当時、チームの主将を務めていたのは、高校通算50発のスラッガーとして注目を集め、甲子園で選手宣誓の大役も担った井上朋也選手である。
井上選手は、中学時代はボーイズチームに所属し通算24本塁打を放つと、日本代表として挑んだ世界大会でも優勝に貢献するなど、注目を集める存在であった。
そんな実績を持ち、花咲徳栄へ入学すると、1年春からベンチ入りやレギュラーの座を掴んだことで、全国やプロから注目を浴びる存在となった。
しかし、初めて挑んだ甲子園では、活躍も見せた反面、2回戦の最終回二死の同点または逆転の絶好のチャンスで、三振を喫しチームも敗れるという悔しい結果に終わった。
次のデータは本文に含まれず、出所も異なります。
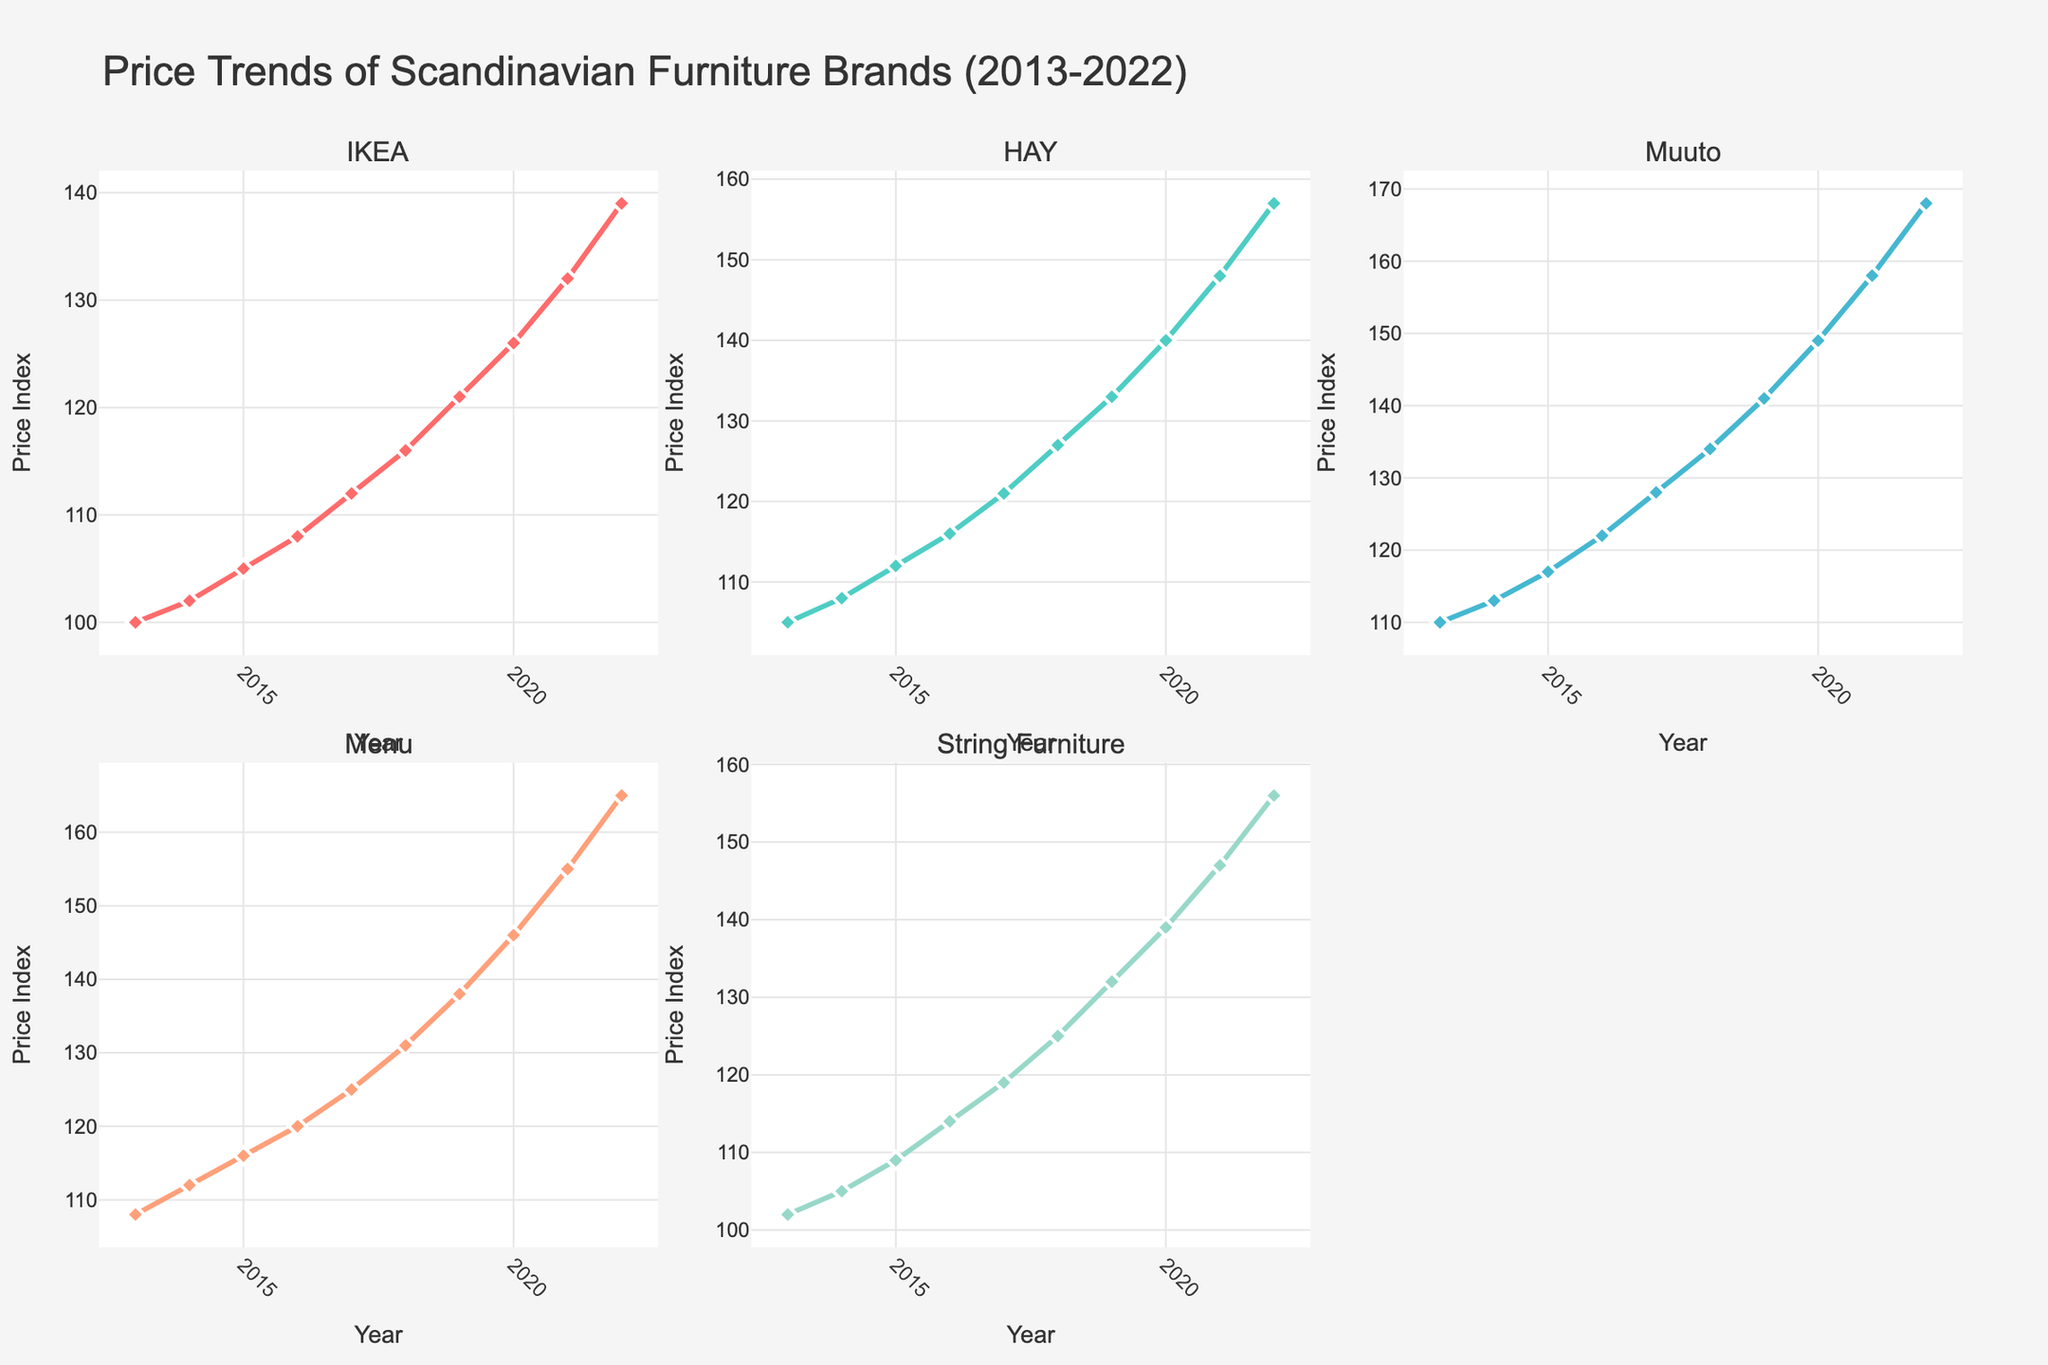What is the title of the figure? The title is located at the top center of the figure. It provides a summary of what the figure represents. In this case, it reads "Price Trends of Scandinavian Furniture Brands (2013-2022)."
Answer: Price Trends of Scandinavian Furniture Brands (2013-2022) How many brands are depicted in the figure? By counting the subplot titles or the different lines, we can see there are five brands represented.
Answer: Five What is the price index for IKEA in 2017? Locate the IKEA subplot, find the year 2017 on the x-axis, and trace upwards to the corresponding line, which shows a price index of 112.
Answer: 112 Which brand experienced the highest price increase from 2019 to 2020? By looking at the difference in values between 2019 and 2020 for all brands: IKEA (121 to 126), HAY (133 to 140), Muuto (141 to 149), Menu (138 to 146), and String Furniture (132 to 139), Muuto has the highest increase (8 units).
Answer: Muuto What was the average price index of HAY over the decade? Sum the yearly price indices for HAY from 2013 to 2022 (105, 108, 112, 116, 121, 127, 133, 140, 148, 157), which equals 1167, then divide by the number of years (10).
Answer: 116.7 Which two brands showed parallel trends from 2015 to 2018? By comparing the lines for each brand from 2015 to 2018, IKEA and HAY both show similarly shaped curves, indicating parallel trends.
Answer: IKEA and HAY In which year did Menu's price index first surpass 150? Trace the Menu line to see when it first crosses the y-axis value of 150, which occurs in 2020.
Answer: 2020 What is the largest price index difference between two brands in 2022? Check the 2022 price indices for all brands: IKEA (139), HAY (157), Muuto (168), Menu (165), String Furniture (156). The largest difference is between IKEA and Muuto (168 - 139 = 29).
Answer: 29 Did any brand have a constant increase in price index every year? By checking the trend lines for each brand, they all show a steady increase without any drop or fluctuation year-on-year.
Answer: Yes How does the trend for String Furniture compare to Menu from 2019 to 2022? From 2019 to 2022, trace both String Furniture (132, 139, 147, 156) and Menu (138, 146, 155, 165). Both show an upward trend, but Menu consistently has higher values and increases slightly more rapidly.
Answer: Menu increases more rapidly and has higher values

リベンジを誓い、翌年も甲子園に出場するが、今度は初戦敗退、更には最後のセンバツや夏の選手権は、コロナ禍により中止となるなど、我慢の時期が続いた。
それでも、チームの主将として、声で鼓舞したり、自主練習を始めとした努力に取り組む姿勢でチームに手本を示すなど、精一杯できることに励んだ。
迎えた最後の甲子園となった交流試合では、甲子園という言葉を糧に頑張れたことへの感謝を、選手宣誓とプレーで表現し、最高の夏を過ごしたのであった。